__Data for analysis__

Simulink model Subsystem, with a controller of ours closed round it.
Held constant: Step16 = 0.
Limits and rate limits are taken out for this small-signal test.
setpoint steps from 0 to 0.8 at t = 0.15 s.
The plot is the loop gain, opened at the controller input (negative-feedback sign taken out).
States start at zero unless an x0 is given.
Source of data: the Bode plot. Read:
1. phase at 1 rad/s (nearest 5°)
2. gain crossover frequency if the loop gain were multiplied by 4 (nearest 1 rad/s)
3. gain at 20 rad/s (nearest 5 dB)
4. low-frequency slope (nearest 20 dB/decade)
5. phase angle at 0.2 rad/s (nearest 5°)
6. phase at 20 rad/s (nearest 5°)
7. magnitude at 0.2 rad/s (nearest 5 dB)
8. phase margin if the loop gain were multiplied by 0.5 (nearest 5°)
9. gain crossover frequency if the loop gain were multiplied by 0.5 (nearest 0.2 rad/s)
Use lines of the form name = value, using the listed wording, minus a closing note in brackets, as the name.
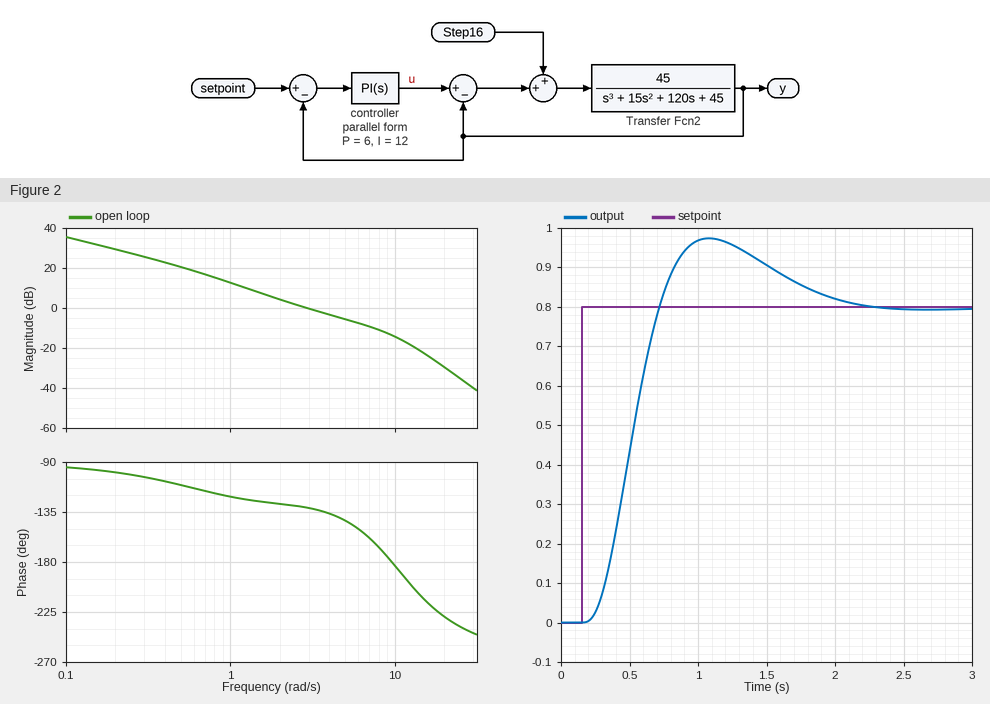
phase at 1 rad/s = -120°
gain crossover frequency if the loop gain were multiplied by 4 = 9 rad/s
gain at 20 rad/s = -30 dB
low-frequency slope = -20 dB/decade
phase angle at 0.2 rad/s = -100°
phase at 20 rad/s = -230°
magnitude at 0.2 rad/s = 30 dB
phase margin if the loop gain were multiplied by 0.5 = 55°
gain crossover frequency if the loop gain were multiplied by 0.5 = 1.8 rad/s
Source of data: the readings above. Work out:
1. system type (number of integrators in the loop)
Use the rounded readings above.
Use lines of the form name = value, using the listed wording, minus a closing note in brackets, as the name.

system type = 1
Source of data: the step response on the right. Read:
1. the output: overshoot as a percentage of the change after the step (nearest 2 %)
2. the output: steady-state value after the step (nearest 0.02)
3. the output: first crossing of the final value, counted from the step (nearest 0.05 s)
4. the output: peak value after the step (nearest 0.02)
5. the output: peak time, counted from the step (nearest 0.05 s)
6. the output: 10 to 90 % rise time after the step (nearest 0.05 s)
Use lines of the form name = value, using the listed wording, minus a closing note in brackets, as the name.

the output: overshoot as a percentage of the change after the step = 22 %
the output: steady-state value after the step = 0.80
the output: first crossing of the final value, counted from the step = 0.55 s
the output: peak value after the step = 0.98
the output: peak time, counted from the step = 0.95 s
the output: 10 to 90 % rise time after the step = 0.35 s

__Aim of the task__
Go to the line with "Held constant: Step16 = 0." in the entries above and repeat every line from there through the line with "Source of data: the Bode", exactly and with no other text.

__Exercise solution__
Held constant: Step16 = 0.
Limits and rate limits are taken out for this small-signal test.
setpoint steps from 0 to 0.8 at t = 0.15 s.
The plot is the loop gain, opened at the controller input (negative-feedback sign taken out).
States start at zero unless an x0 is given.
Source of data: the Bode plot. Read:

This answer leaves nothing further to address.